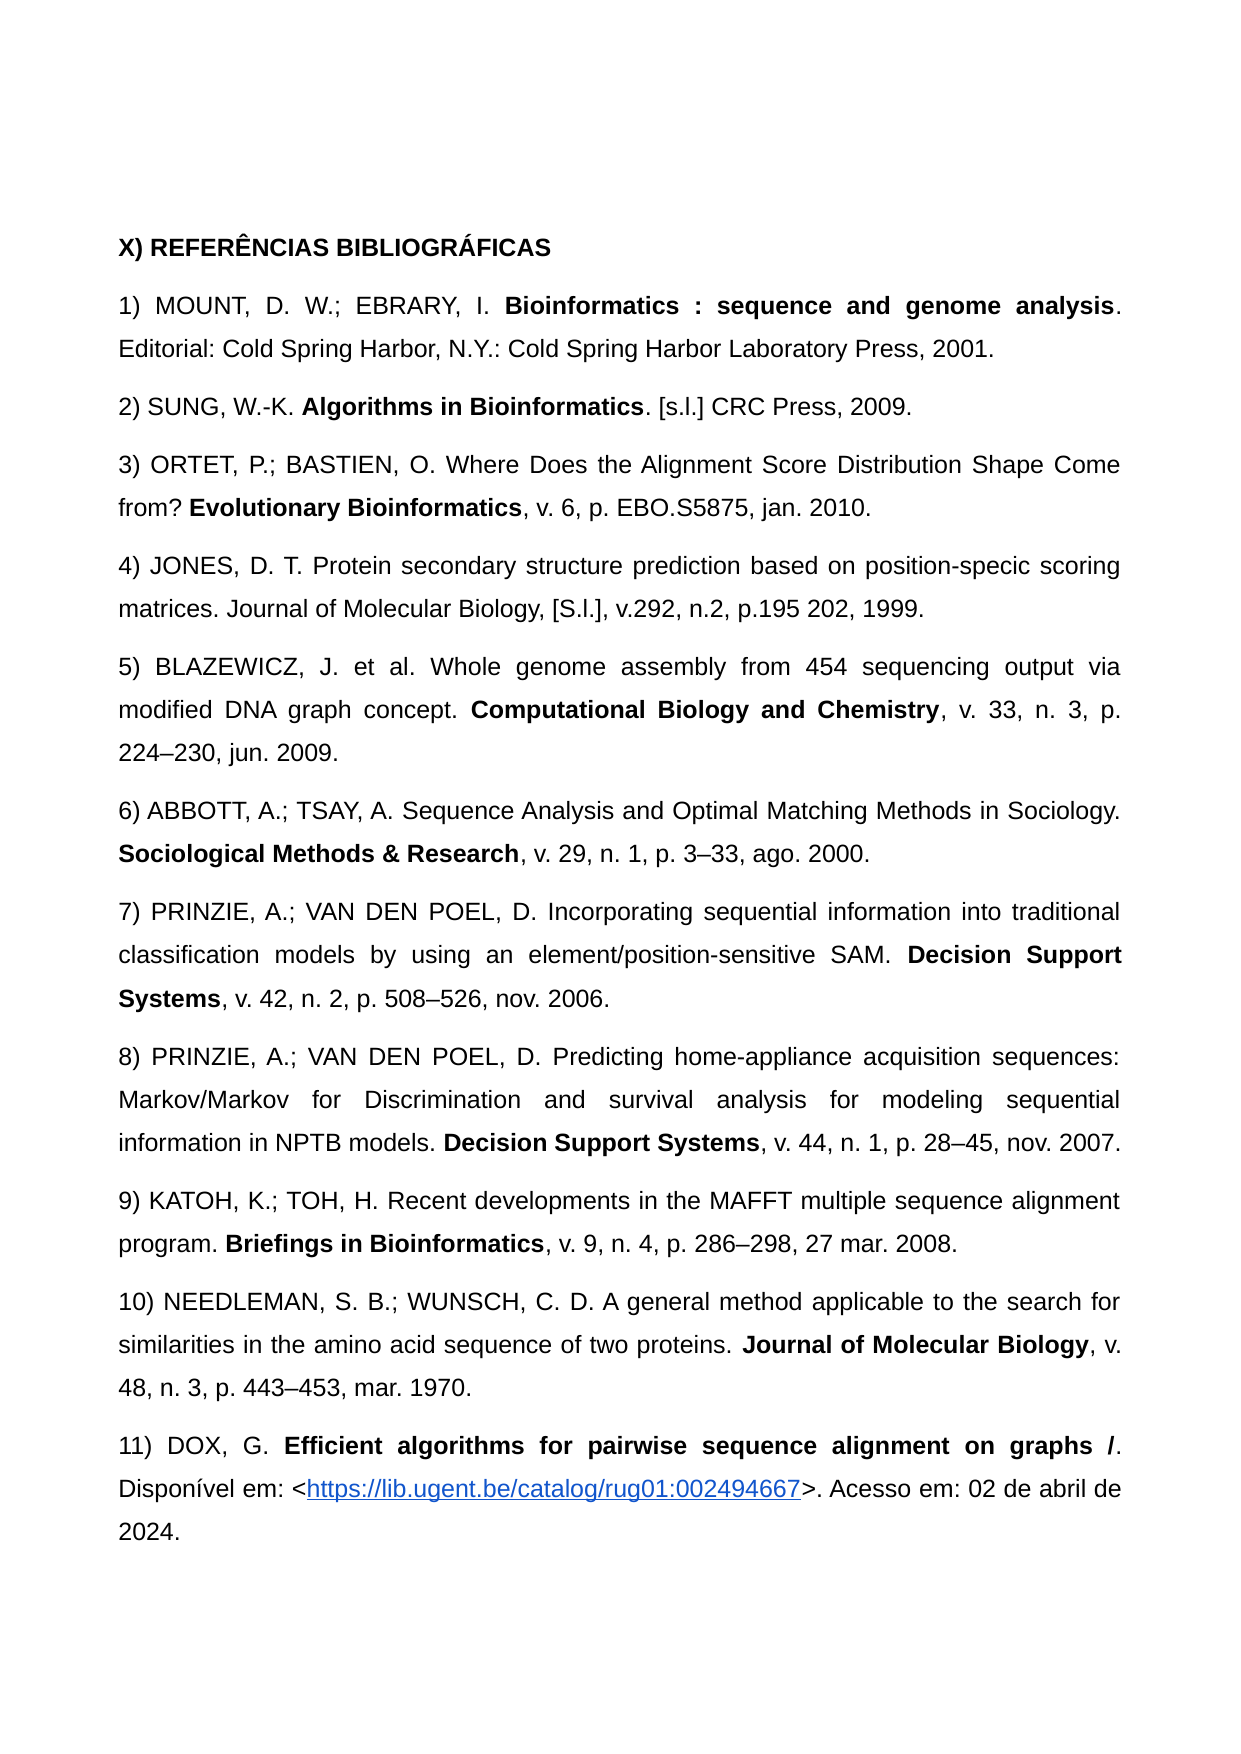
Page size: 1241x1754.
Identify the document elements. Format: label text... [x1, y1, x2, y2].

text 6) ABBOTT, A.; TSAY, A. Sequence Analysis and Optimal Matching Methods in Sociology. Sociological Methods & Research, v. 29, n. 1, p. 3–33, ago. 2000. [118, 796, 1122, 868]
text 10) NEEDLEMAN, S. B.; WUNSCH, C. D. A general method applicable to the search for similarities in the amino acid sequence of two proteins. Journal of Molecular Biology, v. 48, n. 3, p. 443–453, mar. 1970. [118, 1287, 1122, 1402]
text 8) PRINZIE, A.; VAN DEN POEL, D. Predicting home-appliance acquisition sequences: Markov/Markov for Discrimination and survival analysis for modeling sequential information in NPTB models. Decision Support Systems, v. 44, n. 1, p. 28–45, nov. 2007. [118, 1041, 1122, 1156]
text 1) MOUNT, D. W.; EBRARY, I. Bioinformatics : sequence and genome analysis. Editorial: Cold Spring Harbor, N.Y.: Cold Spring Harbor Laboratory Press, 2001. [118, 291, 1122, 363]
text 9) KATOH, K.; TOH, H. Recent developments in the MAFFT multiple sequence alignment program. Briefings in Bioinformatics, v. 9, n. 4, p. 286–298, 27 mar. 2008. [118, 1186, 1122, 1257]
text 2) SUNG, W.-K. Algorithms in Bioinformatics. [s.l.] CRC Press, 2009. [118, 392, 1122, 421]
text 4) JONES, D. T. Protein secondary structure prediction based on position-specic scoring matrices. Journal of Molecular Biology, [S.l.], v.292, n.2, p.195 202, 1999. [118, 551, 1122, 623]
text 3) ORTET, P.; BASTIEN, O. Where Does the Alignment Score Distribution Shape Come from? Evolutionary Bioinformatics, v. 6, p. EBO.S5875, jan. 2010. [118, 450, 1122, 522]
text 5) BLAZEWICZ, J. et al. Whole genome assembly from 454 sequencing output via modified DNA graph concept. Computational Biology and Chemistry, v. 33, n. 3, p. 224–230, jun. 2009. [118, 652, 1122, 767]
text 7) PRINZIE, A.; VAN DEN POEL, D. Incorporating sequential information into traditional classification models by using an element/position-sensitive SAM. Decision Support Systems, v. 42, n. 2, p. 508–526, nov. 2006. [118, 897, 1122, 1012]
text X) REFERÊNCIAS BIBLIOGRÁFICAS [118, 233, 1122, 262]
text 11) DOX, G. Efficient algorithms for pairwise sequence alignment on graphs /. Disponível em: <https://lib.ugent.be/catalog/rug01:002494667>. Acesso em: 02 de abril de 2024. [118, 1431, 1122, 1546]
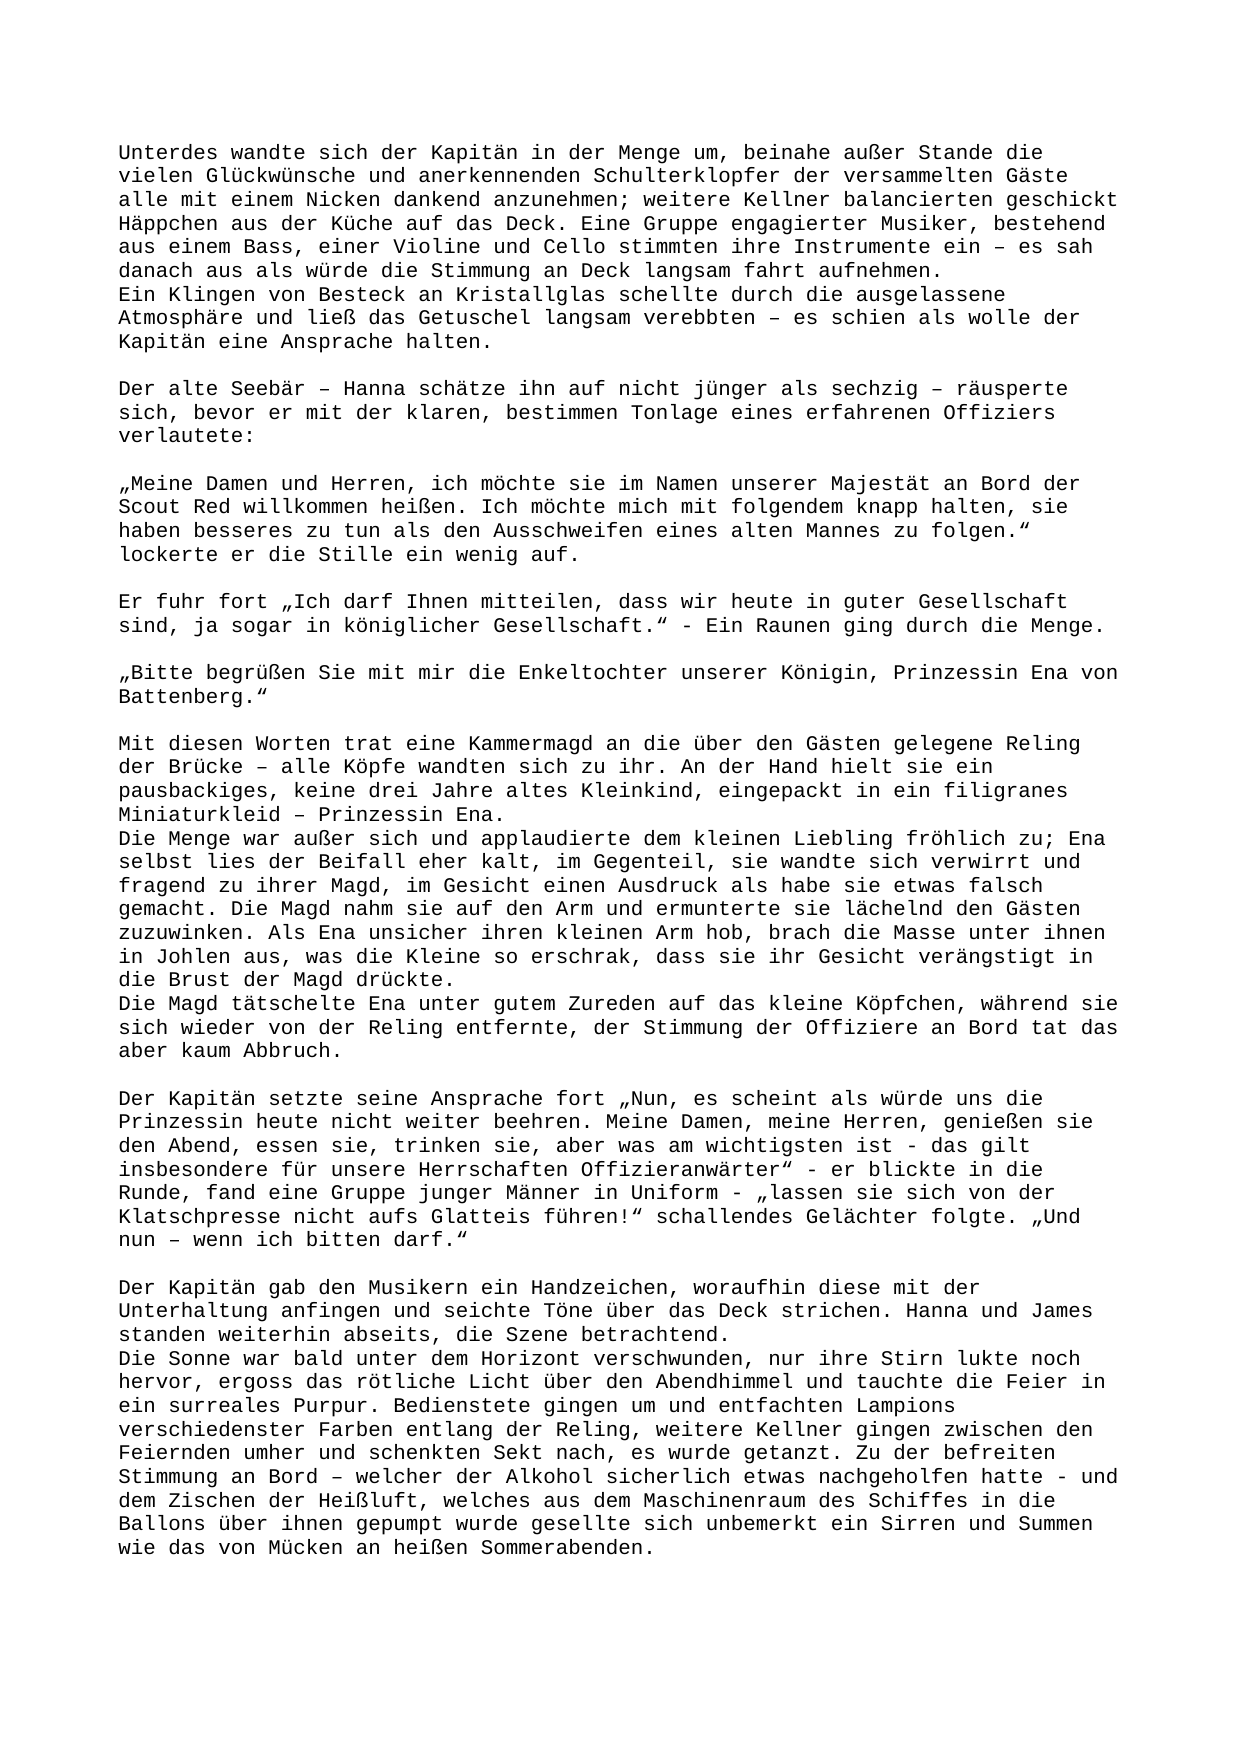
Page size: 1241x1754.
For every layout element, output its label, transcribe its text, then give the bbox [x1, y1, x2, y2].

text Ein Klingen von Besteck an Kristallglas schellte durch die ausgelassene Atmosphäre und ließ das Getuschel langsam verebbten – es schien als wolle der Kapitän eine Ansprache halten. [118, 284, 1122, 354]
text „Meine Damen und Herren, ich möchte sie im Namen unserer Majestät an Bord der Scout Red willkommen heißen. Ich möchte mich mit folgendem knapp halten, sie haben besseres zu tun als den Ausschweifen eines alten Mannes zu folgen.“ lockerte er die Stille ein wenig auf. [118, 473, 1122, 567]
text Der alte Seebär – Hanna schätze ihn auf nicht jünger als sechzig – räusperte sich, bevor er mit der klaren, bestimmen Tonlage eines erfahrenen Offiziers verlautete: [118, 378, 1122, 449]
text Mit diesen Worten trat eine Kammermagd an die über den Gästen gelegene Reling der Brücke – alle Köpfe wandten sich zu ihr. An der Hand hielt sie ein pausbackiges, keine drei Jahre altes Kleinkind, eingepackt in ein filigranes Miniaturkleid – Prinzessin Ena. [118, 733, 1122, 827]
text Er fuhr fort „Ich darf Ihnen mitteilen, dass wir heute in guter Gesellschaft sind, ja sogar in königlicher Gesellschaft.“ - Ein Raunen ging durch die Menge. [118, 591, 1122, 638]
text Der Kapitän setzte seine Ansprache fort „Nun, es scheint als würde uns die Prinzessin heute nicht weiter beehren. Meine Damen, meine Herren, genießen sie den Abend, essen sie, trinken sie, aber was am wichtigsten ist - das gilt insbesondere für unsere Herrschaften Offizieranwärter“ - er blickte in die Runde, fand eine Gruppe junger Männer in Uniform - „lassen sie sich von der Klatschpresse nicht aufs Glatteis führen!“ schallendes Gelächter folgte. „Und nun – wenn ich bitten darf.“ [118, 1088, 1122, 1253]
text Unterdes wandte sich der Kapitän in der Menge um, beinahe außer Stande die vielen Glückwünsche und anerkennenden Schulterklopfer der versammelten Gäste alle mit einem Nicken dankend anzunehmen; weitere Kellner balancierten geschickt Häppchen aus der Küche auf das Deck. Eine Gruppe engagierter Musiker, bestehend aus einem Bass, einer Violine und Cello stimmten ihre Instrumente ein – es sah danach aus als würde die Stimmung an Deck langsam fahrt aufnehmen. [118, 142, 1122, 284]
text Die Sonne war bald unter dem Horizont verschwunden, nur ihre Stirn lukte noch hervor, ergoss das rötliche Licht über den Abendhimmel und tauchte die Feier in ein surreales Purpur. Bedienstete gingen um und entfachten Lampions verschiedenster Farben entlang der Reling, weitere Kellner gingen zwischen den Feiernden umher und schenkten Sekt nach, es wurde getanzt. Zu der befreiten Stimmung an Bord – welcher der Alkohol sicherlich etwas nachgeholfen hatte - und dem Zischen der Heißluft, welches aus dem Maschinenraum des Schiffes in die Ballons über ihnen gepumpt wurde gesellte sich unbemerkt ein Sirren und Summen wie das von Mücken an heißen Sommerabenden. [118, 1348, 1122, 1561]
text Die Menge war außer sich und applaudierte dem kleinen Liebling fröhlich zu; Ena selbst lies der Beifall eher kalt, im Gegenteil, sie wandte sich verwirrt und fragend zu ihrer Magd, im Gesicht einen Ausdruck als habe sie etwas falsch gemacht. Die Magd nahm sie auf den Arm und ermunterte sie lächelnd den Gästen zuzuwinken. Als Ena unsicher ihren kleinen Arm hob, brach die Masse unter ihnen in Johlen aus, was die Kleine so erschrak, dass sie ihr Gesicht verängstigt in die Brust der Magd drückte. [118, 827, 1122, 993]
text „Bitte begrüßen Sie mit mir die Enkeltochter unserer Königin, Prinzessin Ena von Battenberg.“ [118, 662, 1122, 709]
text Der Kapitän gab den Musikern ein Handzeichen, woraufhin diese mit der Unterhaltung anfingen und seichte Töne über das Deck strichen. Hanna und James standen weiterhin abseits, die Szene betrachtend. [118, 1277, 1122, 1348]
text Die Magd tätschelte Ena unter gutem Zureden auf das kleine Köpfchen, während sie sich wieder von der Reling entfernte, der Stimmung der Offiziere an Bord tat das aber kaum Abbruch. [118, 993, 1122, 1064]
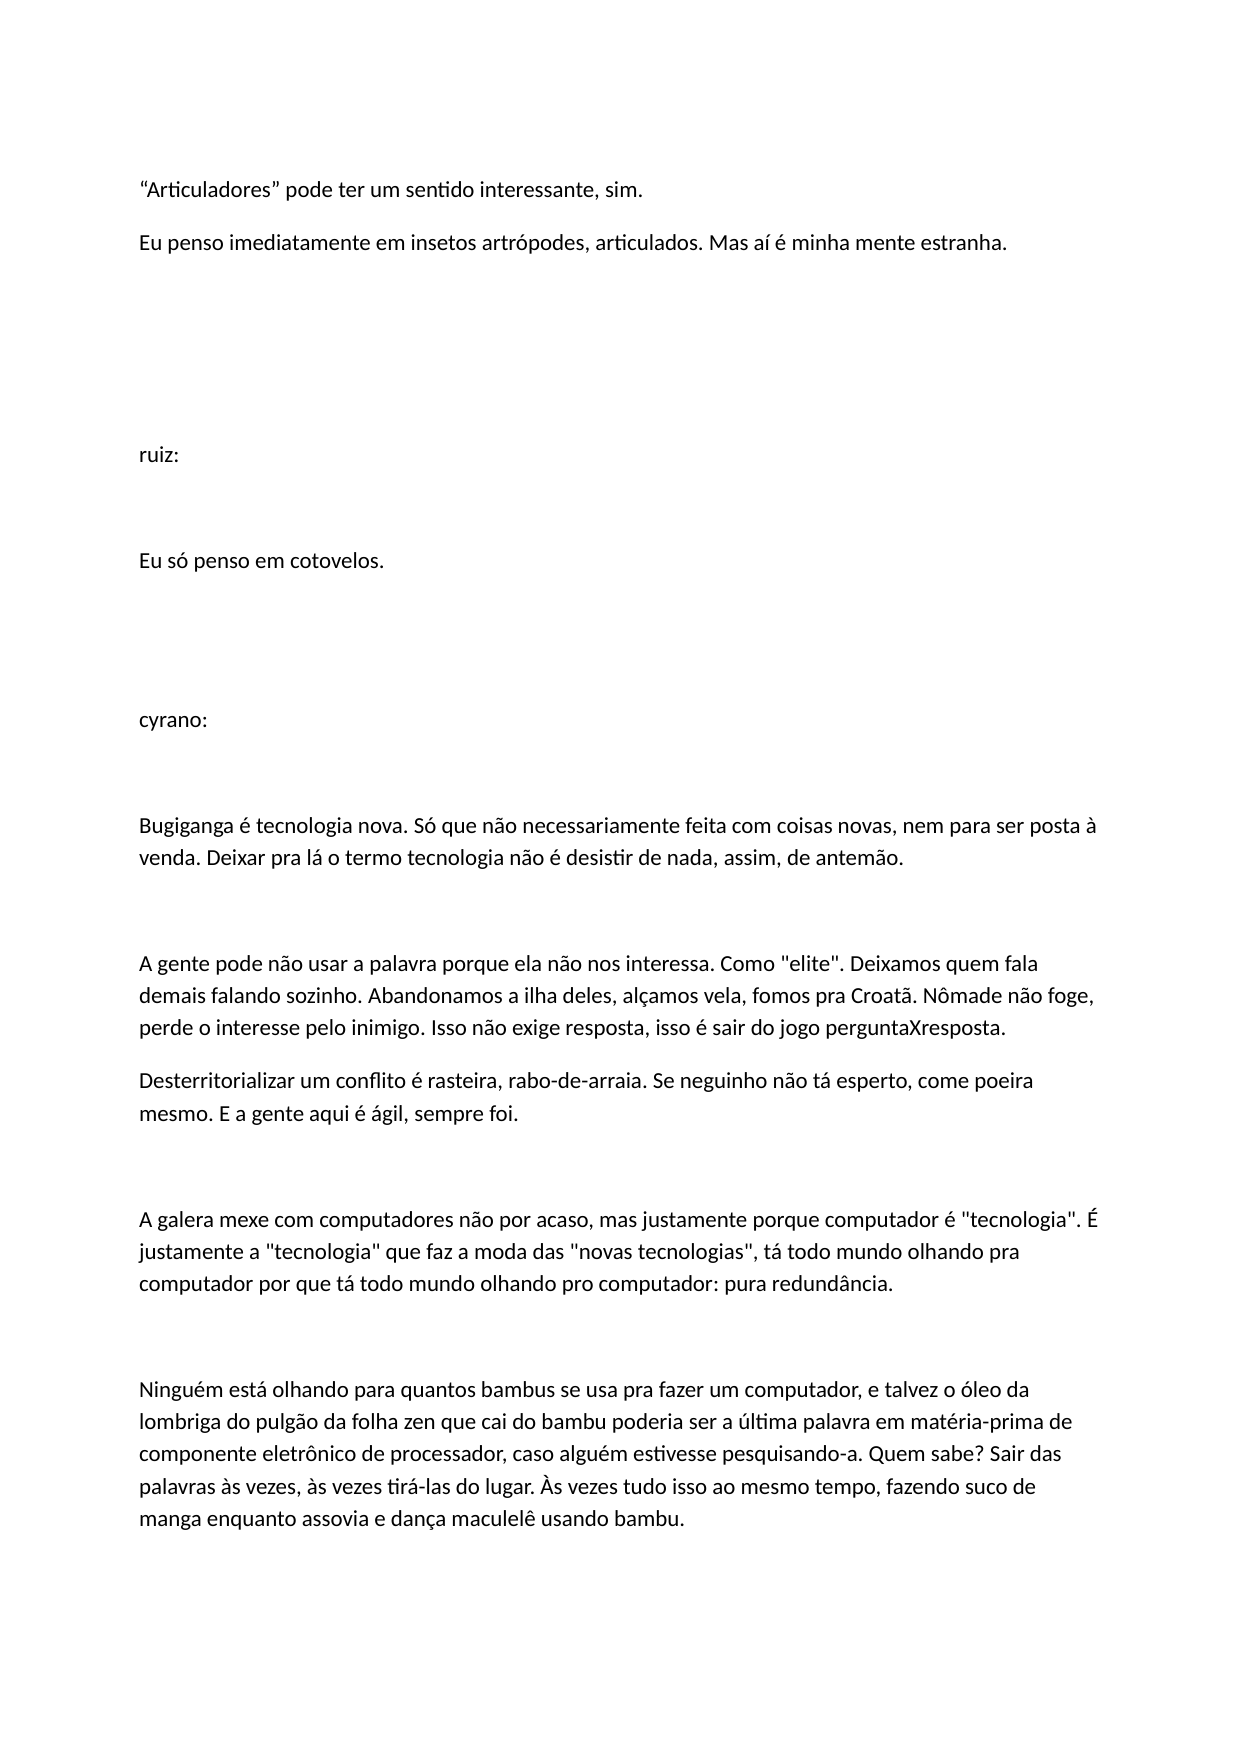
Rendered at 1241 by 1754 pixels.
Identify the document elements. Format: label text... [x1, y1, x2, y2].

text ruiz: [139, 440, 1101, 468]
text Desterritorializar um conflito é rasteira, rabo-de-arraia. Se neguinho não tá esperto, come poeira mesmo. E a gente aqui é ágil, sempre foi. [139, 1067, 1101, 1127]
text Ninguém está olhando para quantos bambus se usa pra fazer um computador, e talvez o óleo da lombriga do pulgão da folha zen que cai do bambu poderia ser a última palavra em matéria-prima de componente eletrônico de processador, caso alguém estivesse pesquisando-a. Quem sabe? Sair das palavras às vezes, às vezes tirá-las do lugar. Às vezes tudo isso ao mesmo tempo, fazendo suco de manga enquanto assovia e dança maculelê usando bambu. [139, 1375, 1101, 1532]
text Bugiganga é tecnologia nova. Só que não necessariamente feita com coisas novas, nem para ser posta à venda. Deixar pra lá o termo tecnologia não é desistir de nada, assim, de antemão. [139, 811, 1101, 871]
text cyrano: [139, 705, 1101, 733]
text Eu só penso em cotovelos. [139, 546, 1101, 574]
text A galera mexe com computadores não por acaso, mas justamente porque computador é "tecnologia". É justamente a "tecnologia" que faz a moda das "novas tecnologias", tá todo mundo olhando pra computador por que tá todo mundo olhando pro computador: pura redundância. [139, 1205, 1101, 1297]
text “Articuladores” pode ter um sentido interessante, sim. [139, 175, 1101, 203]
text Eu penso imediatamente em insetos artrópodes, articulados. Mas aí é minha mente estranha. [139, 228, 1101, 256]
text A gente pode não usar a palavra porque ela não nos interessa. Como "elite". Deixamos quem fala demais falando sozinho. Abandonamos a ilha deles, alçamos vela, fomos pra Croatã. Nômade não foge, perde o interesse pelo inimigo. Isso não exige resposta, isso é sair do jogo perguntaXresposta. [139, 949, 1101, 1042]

> _EXERCISE AIM_:
Could you set down, word for word, only the lines above from the line with "text Bugiganga é" to the line with "text cyrano: [139, 705, 1101, 733]", including both?

> _RESULT_:
text Bugiganga é tecnologia nova. Só que não necessariamente feita com coisas novas, nem para ser posta à venda. Deixar pra lá o termo tecnologia não é desistir de nada, assim, de antemão. [139, 811, 1101, 871]
text cyrano: [139, 705, 1101, 733]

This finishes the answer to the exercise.